═══ DATA TO USE ═══

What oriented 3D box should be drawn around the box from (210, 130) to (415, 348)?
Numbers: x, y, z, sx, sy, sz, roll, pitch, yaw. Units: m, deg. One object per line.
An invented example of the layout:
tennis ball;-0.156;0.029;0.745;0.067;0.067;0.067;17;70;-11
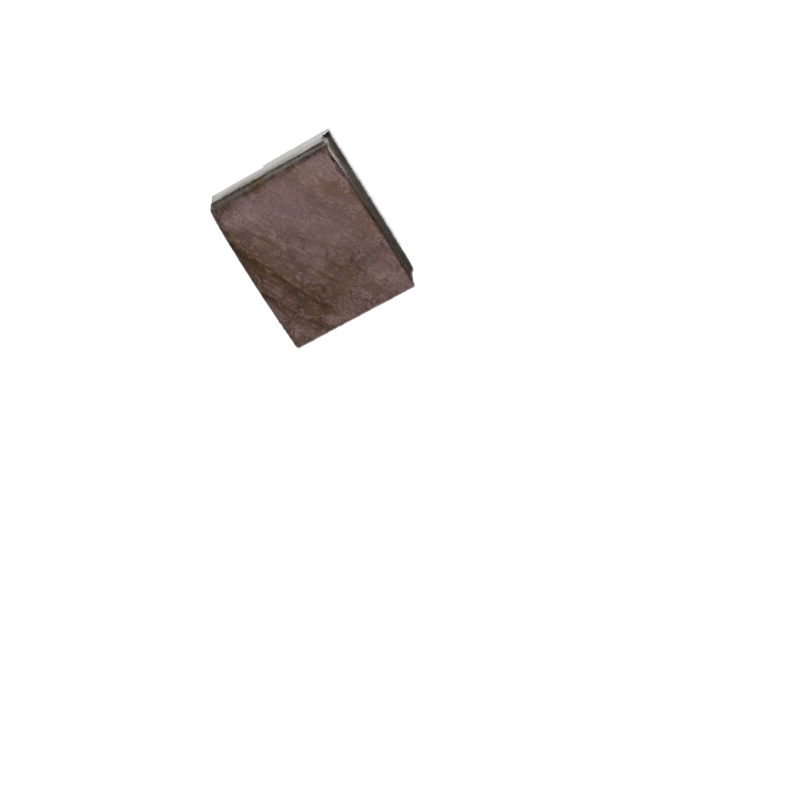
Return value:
box;-0.056;-0.101;0.710;0.090;0.108;0.041;-28;21;11

═══

• [WHAT IS NEEDED]:
Please reproduce the data above word for word, skipping all images.

• [TASK RESULT]:
What oriented 3D box should be drawn around the box from (210, 130) to (415, 348)?
Numbers: x, y, z, sx, sy, sz, roll, pitch, yaw. Units: m, deg. One object per line.
An invented example of the layout:
tennis ball;-0.156;0.029;0.745;0.067;0.067;0.067;17;70;-11
Return value:
box;-0.056;-0.101;0.710;0.090;0.108;0.041;-28;21;11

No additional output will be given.